Essen. Wo Norwegian Epic draufsteht, steckt ein amerikanisches Unterhaltungsschiff drin. Viele deutsche Urlauber schreckten bislang die hohen Preise ab.

Plötzlich sind die Pilzköpfe da. Die Überraschung beim mitgrölenden Publikum ist groß, als kurz nach Mitternacht hinter dem launig klimpernden Duo an den zwei Flügeln im Headliners Club auf hoher See Verstärkung auftaucht. „Willkommen Paul, willkommen John“, jubiliert Klavier-Einpeitscher Mike ins Mikro. „Ladies and Gentleman, ein Applaus für die Beatles.“

Die standen eben noch im Nachbau ihres legendären Liverpooler Cavern Clubs auf der Bühne. Und sollten sich jetzt eigentlich zum Feierabend in ihre Kabine auf dem Kreuzfahrt-Riesen Norwegian Epic verabschieden. Nichts da, eine spontane Extra-Einlage mit den ziemlich unterhaltsamen Flügel-Jungs von „Howl at the moon“ ist immer noch drin. Und die Gäste jubeln der spontanen Verlängerung auf hoher See zu. The Show must go on.

US-Amerikaner wollen was erleben – immer

Wo Norwegian Epic draufsteht, steckt ein amerikanisches Unterhaltungsschiff drin. Die über 4000 Passagiere auf dem Mittelmeer-Riesen, dem viertgrößten Kreuzfahrtschiff der Welt, sind vor allem US-Amerikaner. Und die wollen, so steckt es wohl in ihren Genen, immer was erleben. Egal, ob auf dem Schiff. Oder an Land. Irgendwo ist immer was los. So wollen, so mögen es die US-Amerikaner, die alles „Wonderful“ finden.

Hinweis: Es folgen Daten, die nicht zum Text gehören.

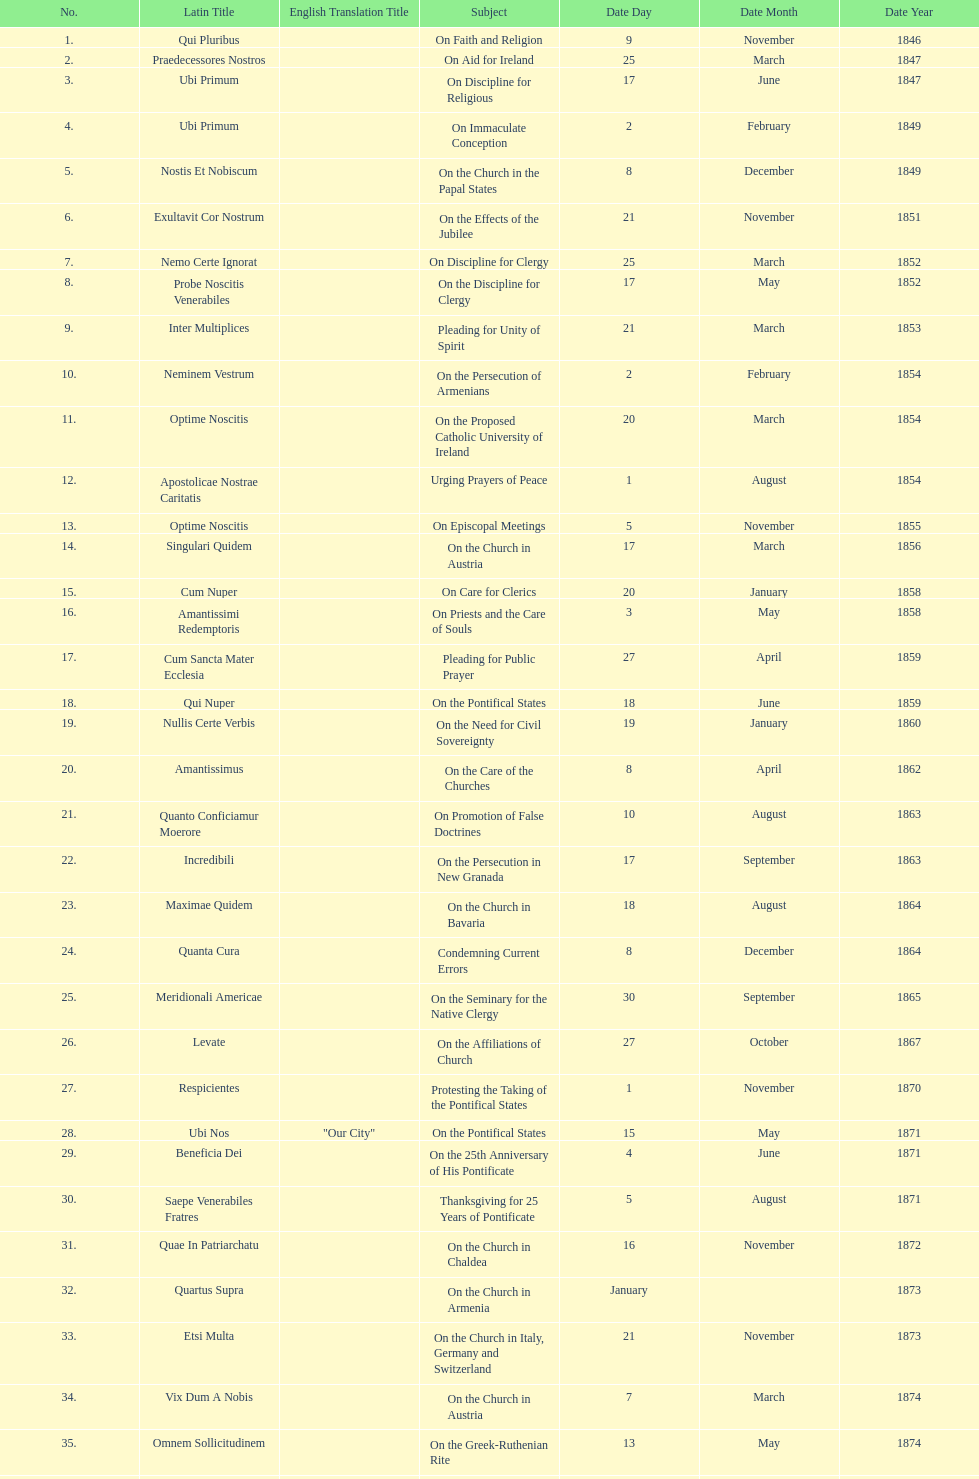How often was an encyclical sent in january? 3.

Wer den Zeremonien-Meister dieses durchorganisierten Dauerprogramms sucht, landet unweigerlich bei Pedro Serra. Denn der Cruise-Direktor aus Portugal ist immer überall und wäre beim Hase-und-Igel-Spiel ideale Besetzung für den stacheligen Dauersieger. Pedro Serra begrüßt morgens beim üppigen Büffet-Frühstück seine Gäste. Er wartet mittags an der längsten Wasserrutsche auf einem Kreuzfahrtschiff, flaniert nachmittags durch die schiffseigene Boutiquen-Meile samt Atelier für Kunstauktionen, lächelt abends am Eingang der Shows und wünscht, wenn es Nacht wird, noch den Glücksspielern im 1200 Quadratmeter großen Casino auf See alles Gute.

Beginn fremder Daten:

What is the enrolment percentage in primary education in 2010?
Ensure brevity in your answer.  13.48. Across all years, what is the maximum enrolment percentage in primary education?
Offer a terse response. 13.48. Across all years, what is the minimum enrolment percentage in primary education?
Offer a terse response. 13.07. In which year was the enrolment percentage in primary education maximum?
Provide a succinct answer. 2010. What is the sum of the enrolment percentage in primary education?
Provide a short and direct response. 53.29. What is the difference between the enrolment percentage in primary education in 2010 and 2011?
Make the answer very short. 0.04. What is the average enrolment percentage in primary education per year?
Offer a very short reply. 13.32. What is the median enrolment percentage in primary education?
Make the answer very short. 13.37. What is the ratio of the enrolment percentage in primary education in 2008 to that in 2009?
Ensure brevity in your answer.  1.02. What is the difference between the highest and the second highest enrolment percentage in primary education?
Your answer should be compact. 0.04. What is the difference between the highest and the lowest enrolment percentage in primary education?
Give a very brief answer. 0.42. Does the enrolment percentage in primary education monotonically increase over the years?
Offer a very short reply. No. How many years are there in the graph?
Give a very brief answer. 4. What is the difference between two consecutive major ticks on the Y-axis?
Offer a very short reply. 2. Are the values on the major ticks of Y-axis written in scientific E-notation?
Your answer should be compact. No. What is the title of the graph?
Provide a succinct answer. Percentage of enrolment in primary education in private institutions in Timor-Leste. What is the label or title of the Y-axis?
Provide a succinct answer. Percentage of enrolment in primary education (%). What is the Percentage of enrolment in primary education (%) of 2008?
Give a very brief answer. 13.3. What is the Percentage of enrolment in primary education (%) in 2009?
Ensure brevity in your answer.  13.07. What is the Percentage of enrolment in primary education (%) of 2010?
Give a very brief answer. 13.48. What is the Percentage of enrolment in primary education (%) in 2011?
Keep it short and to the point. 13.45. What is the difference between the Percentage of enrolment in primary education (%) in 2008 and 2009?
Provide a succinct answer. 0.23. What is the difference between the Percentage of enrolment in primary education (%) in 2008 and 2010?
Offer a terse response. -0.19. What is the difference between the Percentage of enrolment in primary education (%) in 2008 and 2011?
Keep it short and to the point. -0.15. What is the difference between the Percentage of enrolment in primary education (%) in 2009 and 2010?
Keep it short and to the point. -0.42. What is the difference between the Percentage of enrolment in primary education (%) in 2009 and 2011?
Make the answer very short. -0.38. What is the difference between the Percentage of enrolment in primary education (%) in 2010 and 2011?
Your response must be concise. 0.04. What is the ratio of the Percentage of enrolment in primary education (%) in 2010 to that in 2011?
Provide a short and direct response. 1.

Dann? Ab in die Disco. Zwischendurch ist er bestimmt noch kurz im Schiff-im-Schiff-Suitenkomplex „The Haven“. Auf den zwei privaten Decks 16 und 17 gibt es einen exklusiven Bereich mit Suiten, Penthouses, Villen und Studios sowie exklusiven Bereichen zum Schwimmen, Genießen und Essen. Die erste Klasse des erst 2015 renovierten Kreuzfahrt-Riesen. Eine geschlossene Gesellschaft.

Spezielles All-Inclusive-Konzept für Deutsche

So viel Programm auf den zwölf bespielten Decks der 330 Meter langen Norwegian Epic hat allerdings, abseits des im Wesentlichen inkludierten Essens, seinen Preis. Die sechs Bowling-Bahnen werden nach Stunden abgerechnet. Bei der W-Lan-Nutzung werden aus Minuten schwungvoll Dollar. Saunieren im fast 3000 Quadratmeter großen Wellness-und-Fitness-Bereich auf Deck 14? 49 Dollar für eine Tageskarte, sagt die junge Beauty-Assistentin aus Jamaika. Wer abends hinter den Blickfang der sehenswerten Eis-Bar schauen will, muss den Mindestverzehr als Eintritt zahlen, für eine Flasche Bier wird das Bordkonto mit 8,32 Dollar belastet. Alles hat hier seinen Preis, was die US-Amerikaner wenig stört.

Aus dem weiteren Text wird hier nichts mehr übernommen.